Este curso ya me lo han dado

A aquellos que habéis hecho algún curso impartido por una consultora, sea de lo que sea: ¿os suena este vídeo?:

Si no lo conocéis me dan ganas de felicitaros, porque es probablemente el fragmento más visto desde la escena del bar de Casablanca. Pertenece a una película llamada El año de la garrapata, y mi impresión es que ha circulado hasta la saciedad por todas las consultoras del ramo y por las manos de todo formador del país. Yo mismo la he usado hace tiempo en un par de ocasiones en las que venía bien (cursos de técnicas de venta), pero como alumno la he tenido que sufrir en cursos de motivación -que todavía tiene un pase-, resolución de conflictos laborales (¡!) y hasta en una conferencia de una hora durante la pasada Expomanagement, a la que uno va confiando en ver cosas nuevas…
Está claro que el vídeo puede dar que hablar para valorar los puntos fuertes y débiles de según qué técnicas de motivación y según qué estrategias de venta. Es lógico, por tanto, que los formadores echemos mano de él en cuanto se nos presenta la oportunidad. Sin embargo esto me sugiere que hay cierta tendencia a no elaborar demasiado algunas partes de las exposiciones, y no es raro que se recurra a un relleno fácil como este, venga a cuento o no. Dos reflexiones, por tanto:

Cuidado al recurrir a la web en busca de material para los cursos. Seguro que a alguien se le ha ocurrido antes, y si tus alumnos tienen ya un cierto nivel, es probable que lo hayan visto antes.
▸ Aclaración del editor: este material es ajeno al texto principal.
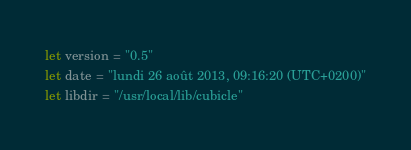Convert code to text. <code><loc_0><loc_0><loc_500><loc_500><_OCaml_>let version = "0.5"
let date = "lundi 26 août 2013, 09:16:20 (UTC+0200)"
let libdir = "/usr/local/lib/cubicle"
</code> 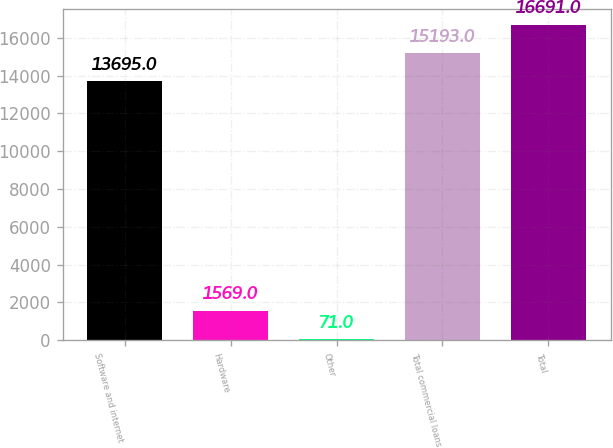Convert chart to OTSL. <chart><loc_0><loc_0><loc_500><loc_500><bar_chart><fcel>Software and internet<fcel>Hardware<fcel>Other<fcel>Total commercial loans<fcel>Total<nl><fcel>13695<fcel>1569<fcel>71<fcel>15193<fcel>16691<nl></chart>

Sería interesante que hubiera algo más de feedback entre los profesionales de esto, y pudiéramos darnos cuenta, por ejemplo, de cuándo un recurso está demasiado quemado.

Hacer algo respecto a la última es una de los objetivos de este blog, pero procuraré hacerme eco de cualquier otra iniciativa interesante en ese sentido. Por supuesto, si sabéis de alguna (foros, wikis, publicaciones, listas de correo, otros blogs) tenéis toda mi atención.

* Actualización Junio 2009: ahora que el vídeo ha sido usado en una campaña de publicidad televisiva, se acabó lo que se daba. Si ya era repetitivo, ahora sería lisa y llanamente perder tiempo de formación mostrando algo que todos conocen.